Reference: Unwin, D.M., 1993. Aves. In Benton, M.J. The Fossil Record II. London: Benton & Hall. Criticisms of this chart should in no way be seen as a reflection on the expertise of Dave Unwin, a splendid fellow, and not just because he let me hold the Berlin Archaeopteryx.

November 3, 2005

The Density of Deer Heels

This graph shows the density of osteocytes, or bone cells, in different parts of the calcaneum (heel) of a mule deer. Cranial, caudal, medial, and lateral translate as front, back, inside, and outside.

oldcalc.gif

The biggest problem is that the arrangement of the bars doesn't correspond with the parts of the bone in question. Nor are the colors of the bars meaningful; they're only there to make the legend work.
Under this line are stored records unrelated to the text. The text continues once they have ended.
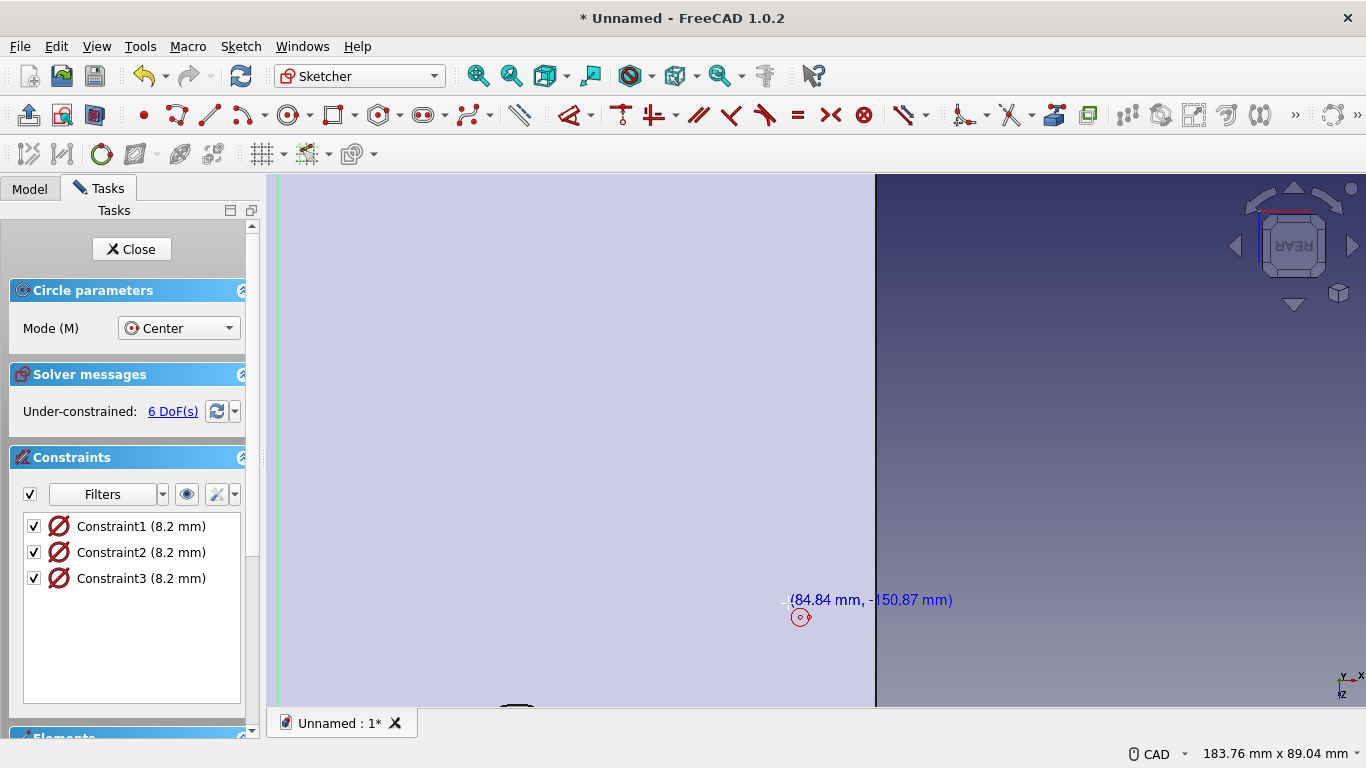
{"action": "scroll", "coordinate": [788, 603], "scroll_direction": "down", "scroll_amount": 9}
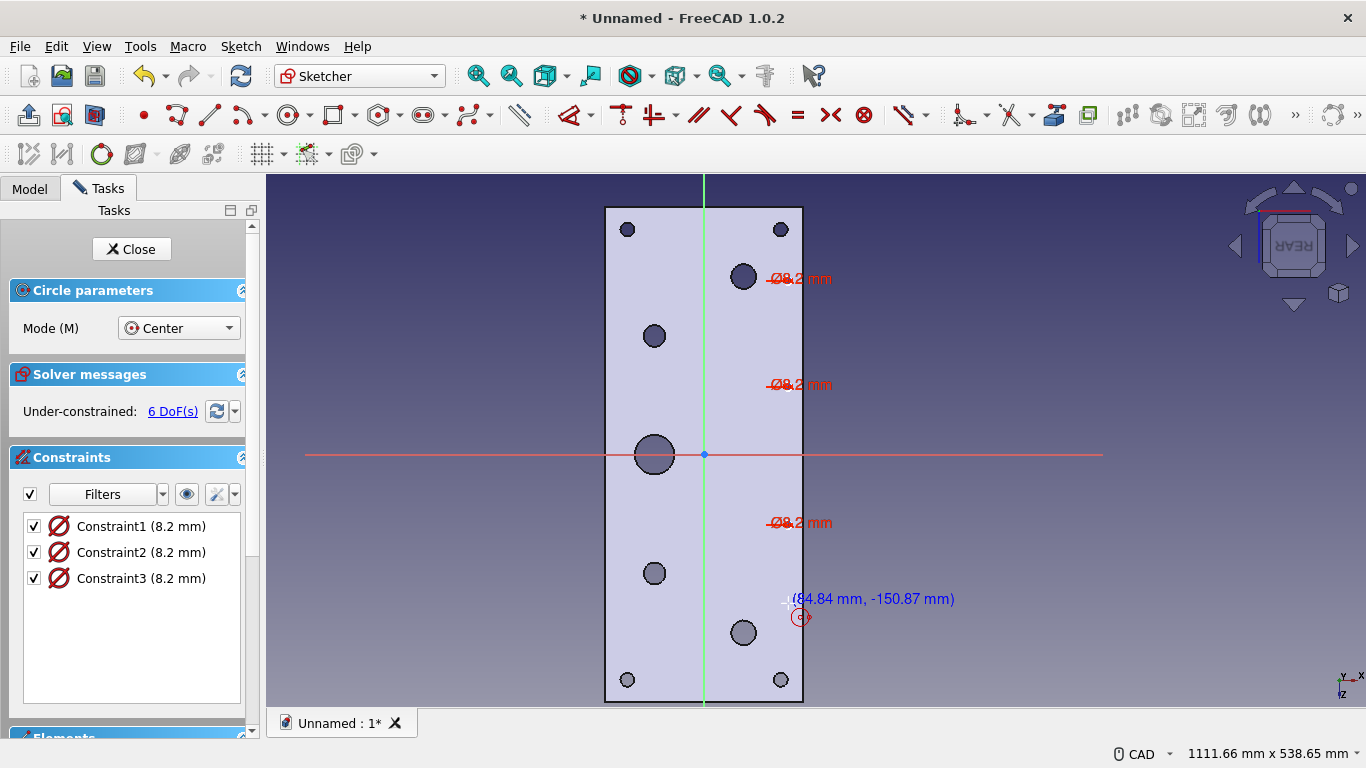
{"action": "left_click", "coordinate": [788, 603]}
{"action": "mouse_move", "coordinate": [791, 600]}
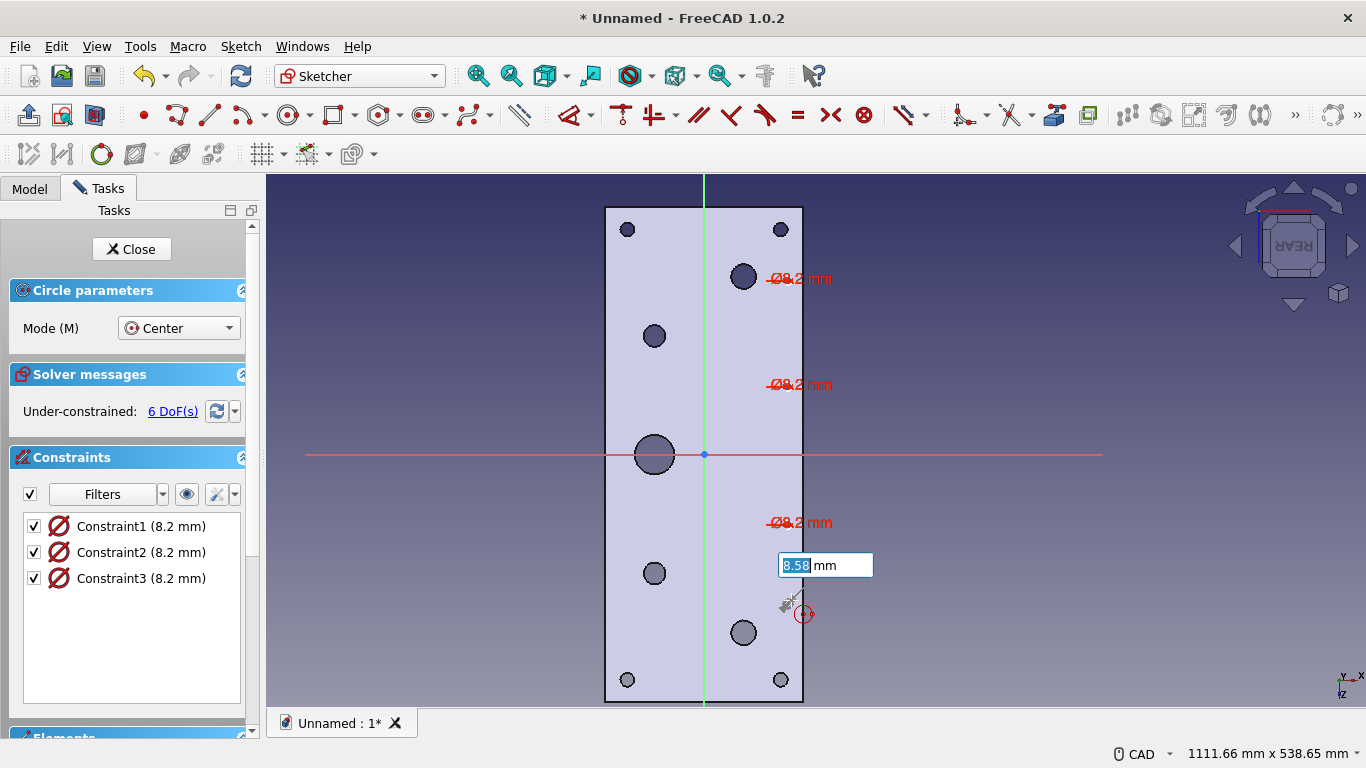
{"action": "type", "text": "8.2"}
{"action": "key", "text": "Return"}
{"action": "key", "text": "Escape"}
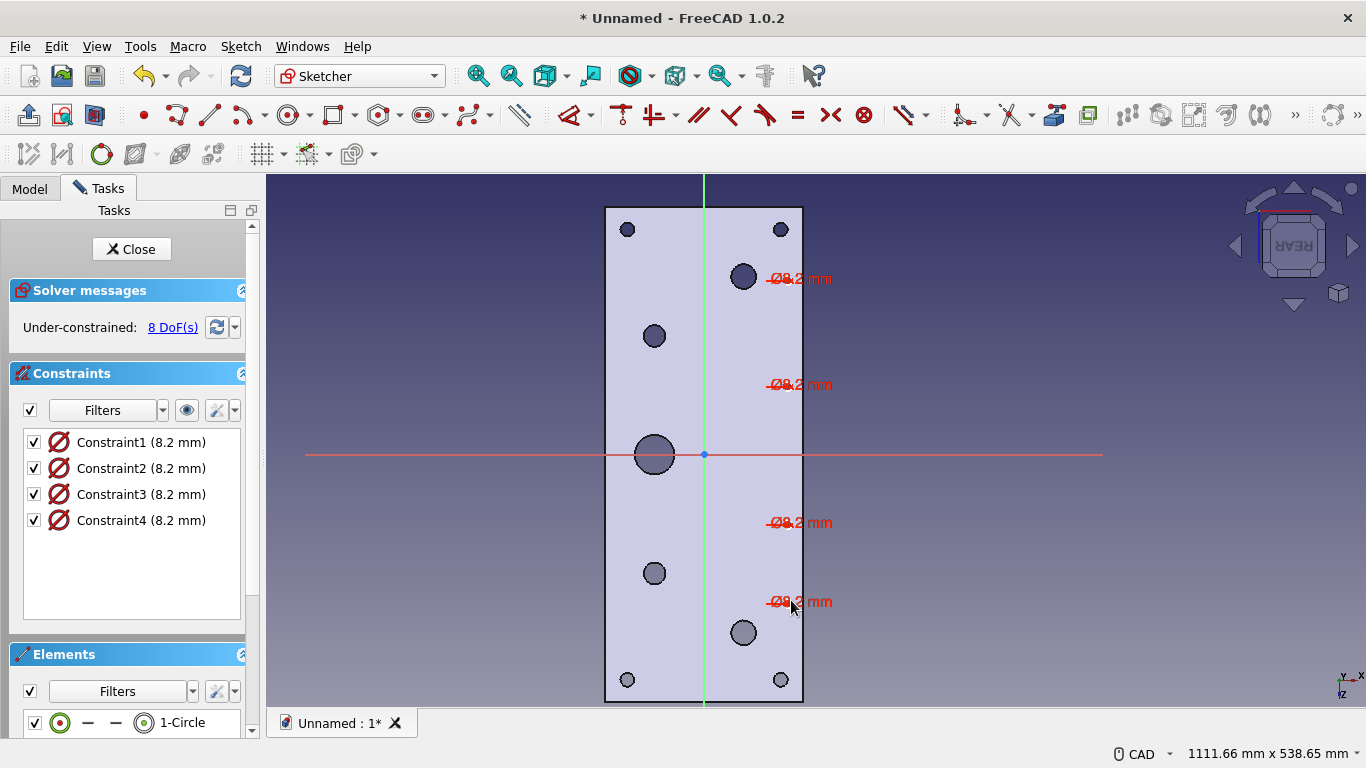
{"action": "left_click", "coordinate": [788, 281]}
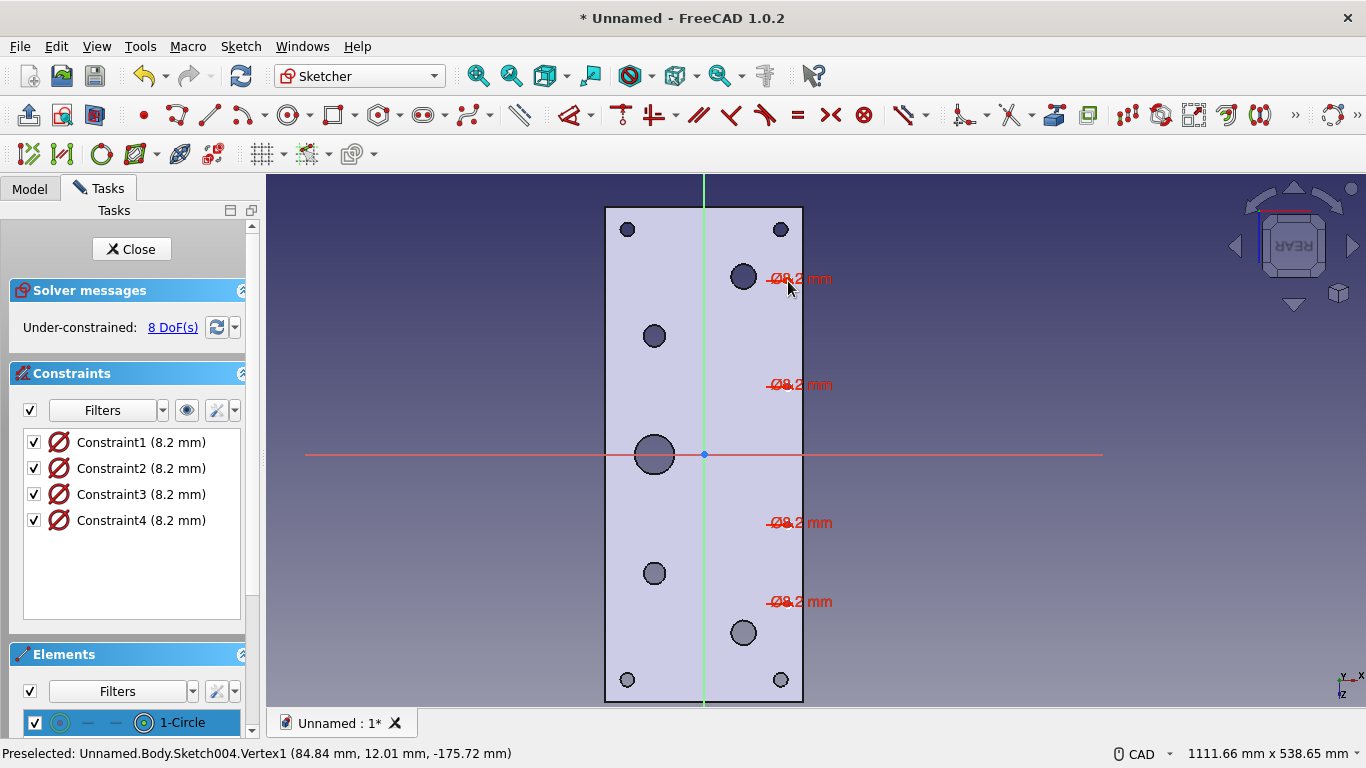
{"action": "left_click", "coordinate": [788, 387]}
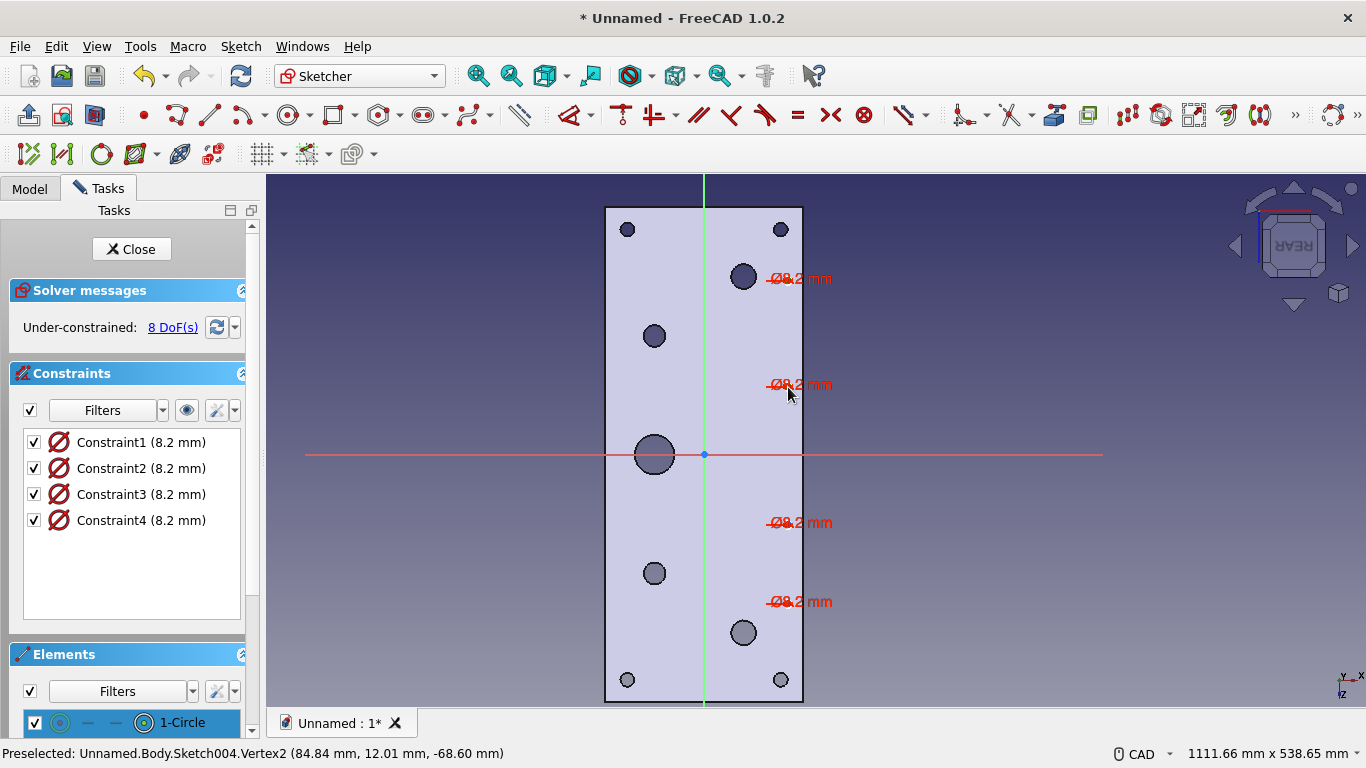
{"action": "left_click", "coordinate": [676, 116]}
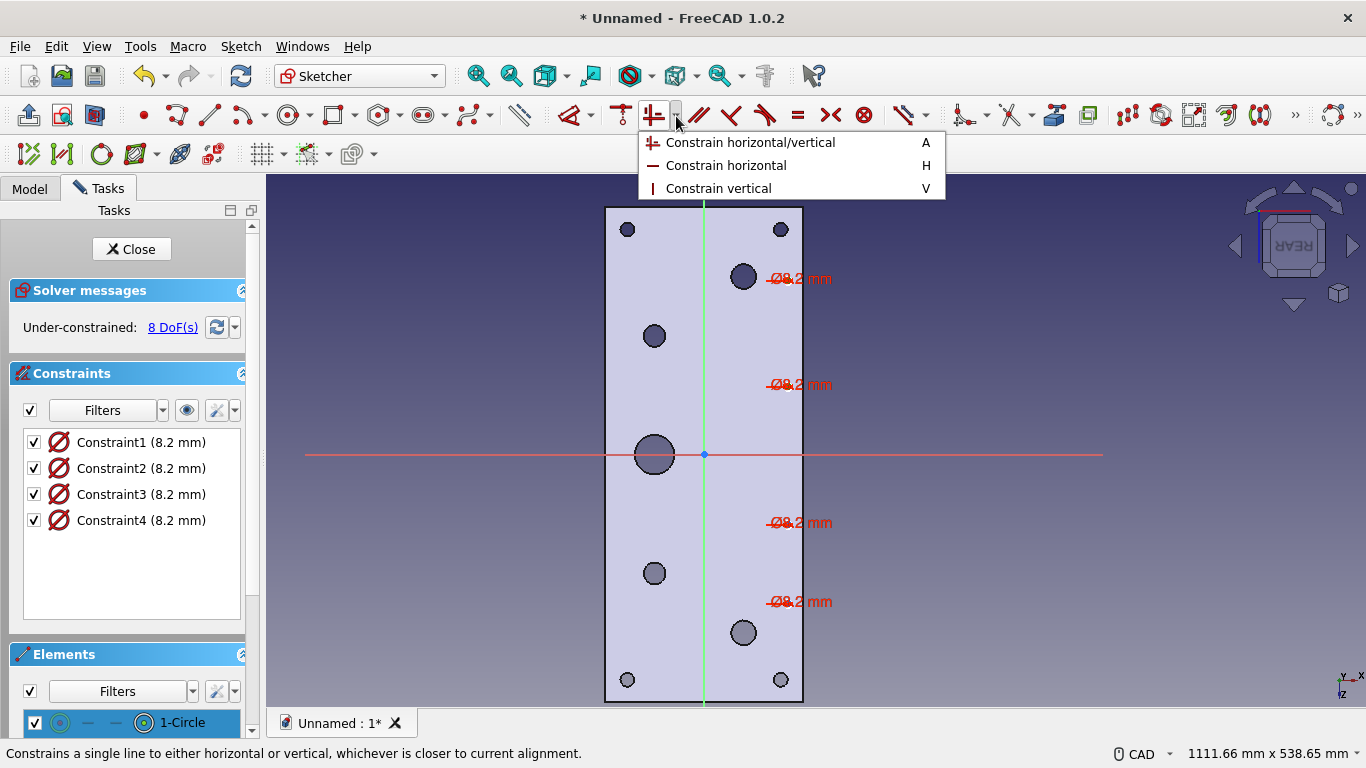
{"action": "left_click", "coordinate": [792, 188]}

The cryptic y-axis label is just number of osteocytes per square millimeter. The three cases where there are significantly more osteocytes are indicated on the graph with an asterisk (*), the conventional indicator of statistical significance. Note that the asterisks are in a different position in each case; one might even think the the three black bars are being referred to, but in young fawns it's in fact the white bar.

It's so confusing that the caption takes up nearly half as much space as the graph itself.

oldcalcstext.gif

How to make this more comprehensible? A good goal would be to reduce the amount of interpretation we were requiring of the reader. I noticed the article had a diagram showing cross-sections of the bone in question, from young fawn to adult.

calcoutlines.gif

I scanned them, placed them as a template in Illustrator, then traced around them with the pen tool. For each bone I made a compound path of the inner and outer circles, and sliced it like a pizza with the knife tool into four chunks, each of which could take a different fill.

I noted significant differences right on the bones themselves, and added a color scale, where shade (40% to 80% black) corresponds intuitively to osteocyte density.

calcs.gif

The revised graph takes up less room and is pretty much self explanatory. Once the scales and labels had been given, one could even show multiple small versions of the same four bones side by side, each showing osteocyte density under different conditions.

Reference: J. G. Skedros, K. J. Hunt, and R. D. Bloebaum (1995), in the Journal of Morphology 265(2):244-247.